Revolving Credit Facility and Term Loan Facility

On April 18, 2022, EELP entered into a senior secured revolving credit agreement (“Credit Agreement”), by and among EELP, as borrower, Excelerate, as parent, the lenders party thereto, the issuing banks party thereto and JPMorgan Chase Bank, N.A., as administrative agent, pursuant to which the lenders and issuing banks thereunder made available a revolving credit facility (the “EE Revolver”), including a letter of credit sub-facility, to EELP. The EE Revolver enabled us to borrow up to $350 million over a three-year term originally set to expire in April 2025. As of December 31, 2022, the Company had issued $40.0 million in letters of credit under the EE Revolver and was in compliance with the covenants under its debt facilities. As a result of the EE Revolver’s financial ratio covenants and after taking into account the outstanding letters of credit issued under the facility, all of the $310 million of undrawn capacity was available for additional borrowings as of December 31, 2022.

Also, on April 18, 2022, the Company borrowed under the EE Revolver, on the closing day of such facility, and used the proceeds to repay the KFMC Note in full. The KFMC Note was terminated in connection with such repayment. For more information regarding the KFMC Note, see Note 11 – Long-term debt – related party.

On March 17, 2023, EELP entered into an amended and restated senior secured credit agreement (“Amended Credit Agreement”), by and among EELP, as borrower, Excelerate, as parent, the lenders party thereto, the issuing banks party thereto and Wells Fargo Bank, N.A., as administrative agent. The Amended Credit Agreement provides for, among other things (i) a new $250 million term loan facility (the “Term Loan Facility” and, together with the EE Revolver, the “EE Facilities”), (ii) an extension of the maturity date of the EE Revolver, (iii) an increase in the maximum consolidated total leverage by 0.50x to 3.50x, provided that, if the aggregate value of all unsecured debt is equal to or greater than $250 million, maximum consolidated total leverage increases to 4.25x, and (iv) collateral vessel maintenance coverage to be not less than the greater of (i) $750 million and (ii) 130% of the sum of the total credit exposure under the Amended Credit Agreement. Proceeds from the Term Loan Facility are intended to be used for the acquisition of the FSRU Sequoia. The commitments under the Term Loan Facility expire on May 1, 2023, if the acquisition of the Sequoia does not occur by such date. The EE Facilities mature in March 2027. Proceeds from the EE Revolver are intended to be used for letters of credit, working capital, and other general corporate purposes.

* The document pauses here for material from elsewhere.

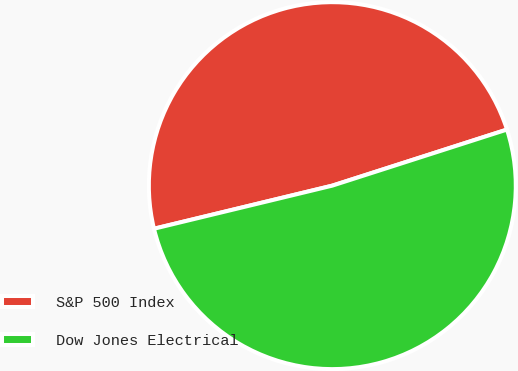<chart> <loc_0><loc_0><loc_500><loc_500><pie_chart><fcel>S&P 500 Index<fcel>Dow Jones Electrical<nl><fcel>48.83%<fcel>51.17%<nl></chart>

Borrowings under the EE Revolver bear interest at a per annum rate equal to the term SOFR reference rate for such period plus an applicable margin, which applicable margin is based on EELP’s consolidated total leverage ratio as defined and calculated under the Credit Agreement. The unused portion of the EE Revolver is subject to an unused commitment fee calculated at a rate per annum ranging from 0.375% to 0.50% based on EELP's consolidated total leverage ratio.

The Amended Credit Agreement contains customary representations, warranties, covenants (affirmative and negative, including maximum consolidated total leverage ratio, minimum consolidated interest coverage ratio, and collateral vessel maintenance coverage covenants), and events of default, the occurrence of which would permit the lenders to accelerate the maturity date of amounts borrowed under the EE Facilities.

Maturities

Future principal payments on long-term debt outstanding as of December 31, 2022 are as follows (in thousands):

2023

$

22,002

 

2024

 

22,693

 

2025

 

23,435

 

2026

 

24,239

 

2027

 

25,081

 

Thereafter

 

102,309

 

Total debt, net

$

219,759

 

 

During the years ended December 31, 2022, 2021 and 2020, interest expense for long-term debt was $15.5 million, $17.5 million and $16.4 million, respectively, and was included in interest expense in the consolidated statements of income. As of December 31, 2022, the Company was in compliance with the covenants under its debt facilities.